The UK establishes a ‘Joint Committee’ with EU representatives to guarantee ‘the implementation and application of this Agreement’. This does not sound like a withdrawal agreement – if it was, why would it need to be subject to continued monitoring? (Article 164). This Joint Committee will have subcommittees with jurisdiction over: (a) citizens’ rights; (b) “other separation provisions”; (c) Ireland/Northern Ireland; (d) Sovereign Base Areas in Cyprus; (e) Gibraltar; and (f) financial provisions. (Article 165)

The Lifetime clause: the agreement will last as long as the country’s youngest baby lives. “the persons covered by this Part shall enjoy the rights provided for in the relevant Titles of this Part for their lifetime”. (Article 39).

The UK is shut out of all EU networks and databases for security – yet no such provision exists to shut the EU out of ours. (Article 8)

The UK will tied to EU foreign policy, “bound by the obligations stemming from the international agreements concluded by the Union” but unable to influence such decisions. (Article 124)

All EU citizens must be given permanent right of residence after five years – but what counts as residence? This will be decided by the EU, rather than UK rules. (Articles 15-16)

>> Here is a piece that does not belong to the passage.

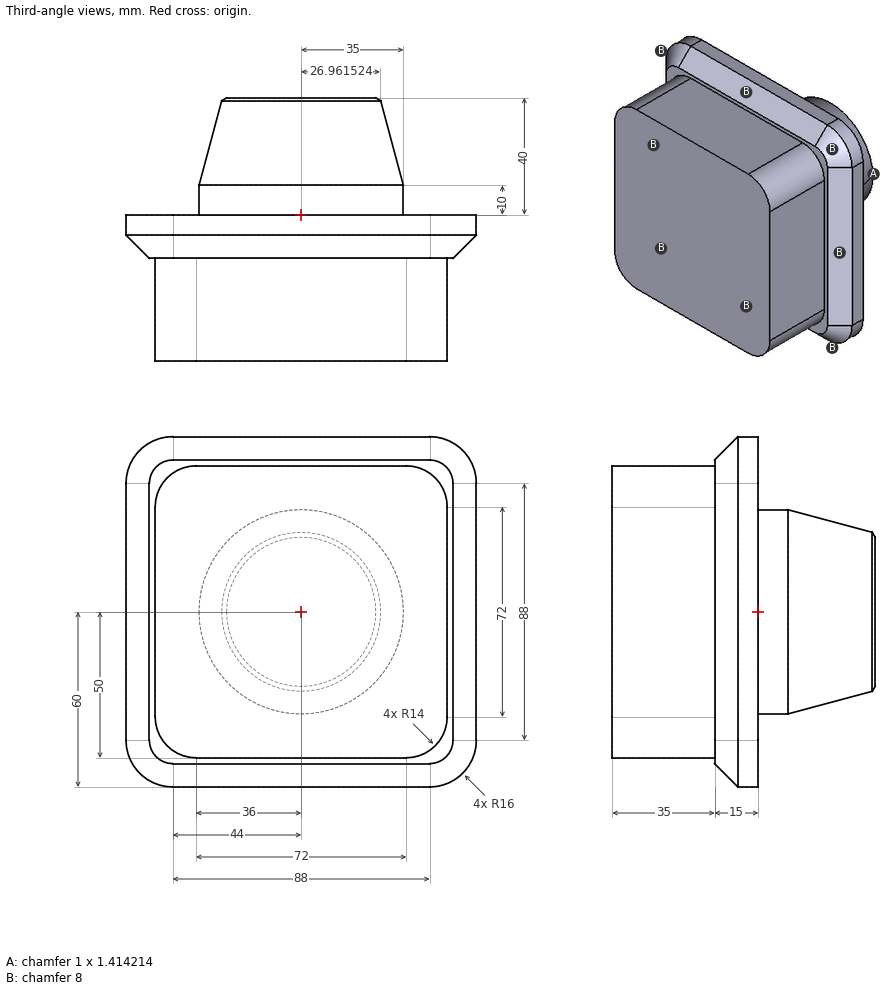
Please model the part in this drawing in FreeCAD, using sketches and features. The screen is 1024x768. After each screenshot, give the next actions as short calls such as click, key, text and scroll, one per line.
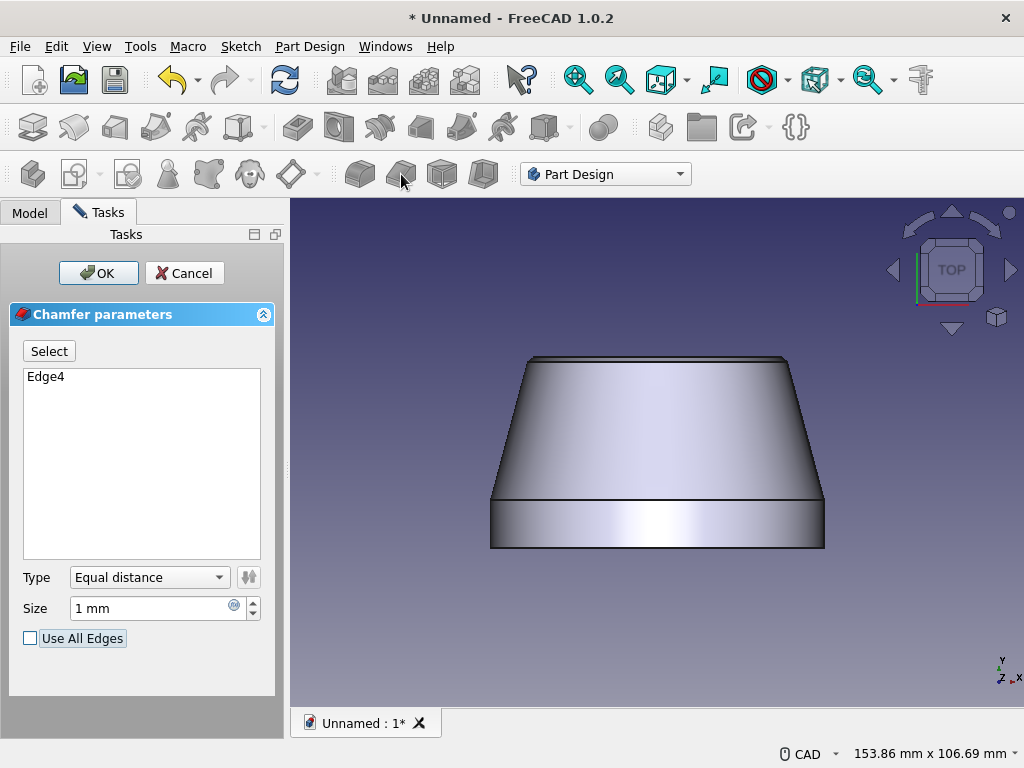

Britain is granted the power to send a civil servant to Brussels to watch them pass stupid laws which will hurt our economy. (Article 34)

The UK agrees to spend taxpayers’ money telling everyone how wonderful the agreement is. (Article 37)

Art 40 defines Goods. It seems to includes Services and Agriculture. We may come to discover that actually ‘goods’ means everything.

Articles 40-49 practically mandate the UK’s ongoing membership of the Customs Union in all but name.

The UK will be charged to receive the data/information we need in order to comply with EU law. (Article 50)

The EU will continue to set rules for UK intellectual property law (Article 54 to 61)

The UK will effectively be bound by a non-disclosure agreement swearing us to secrecy regarding any EU developments we have paid to be part. This is not mutual. The EU is not bound by such measures. (Article 74)

The UK is bound by EU rules on procurement rules – which effectively forbids us from seeking better deals elsewhere. (Articles 75 to 78)

We give up all rights to any data the EU made with our money (Art. 103)

The EU decide capital projects (too broadly defined) the UK is liable for. (Art. 144)

The UK is bound by EU state aid laws until future agreement – even in the event of an agreement, this must wait four years to be valid. (Article 93)

Similar advantages and immunities are extended to all former MEPs and to former EU official more generally. (Articles 106-116)

The UK is forbidden from revealing anything the EU told us or tells us about the finer points of deal and its operation. (Article 105).

Any powers the UK parliament might have had to mitigate EU law are officially removed. (Article 128)

The UK shall be liable for any “outstanding commitments” after 2022 (Article 142(2) expressly mentions pensions, which gives us an idea as to who probably negotiated this). The amount owed will be calculated by the EU. (Articles 140-142)

The UK will be liable for future EU lending. As anyone familiar with the EU’s financials knows, this is not good. (Article143)

The UK will remain liable for capital projects approved by the European Investment Bank. (Article 150).

The UK will remain a ‘party’ (i.e. cough up money) for the European Development Fund. (Articles 152-154)

And the EU continues to calculate how much money the UK should pay it. So thank goodness Brussels does not have any accountancy issues.

The UK will remain bound (i.e coughing up money) to the European Union Emergency Trust Fund – which deals with irregular migration (i.e. refugees) and displaced persons heading to Europe. (Article 155)

The agreement will be policed by ‘the Authority’ – a new UK-based body with ‘powers equivalent to those of the European Commission’. (Article 159)

The EU admits, in Art. 184, that it is in breach of  Article 50 of the Lisbon Treaty which oblige it to “conclude an agreement” of the terms of UK leaving the EU. We must now, it seems, “negotiate expeditiously the agreements governing their future relationship.” And if the EU does not? We settle down to this Agreement.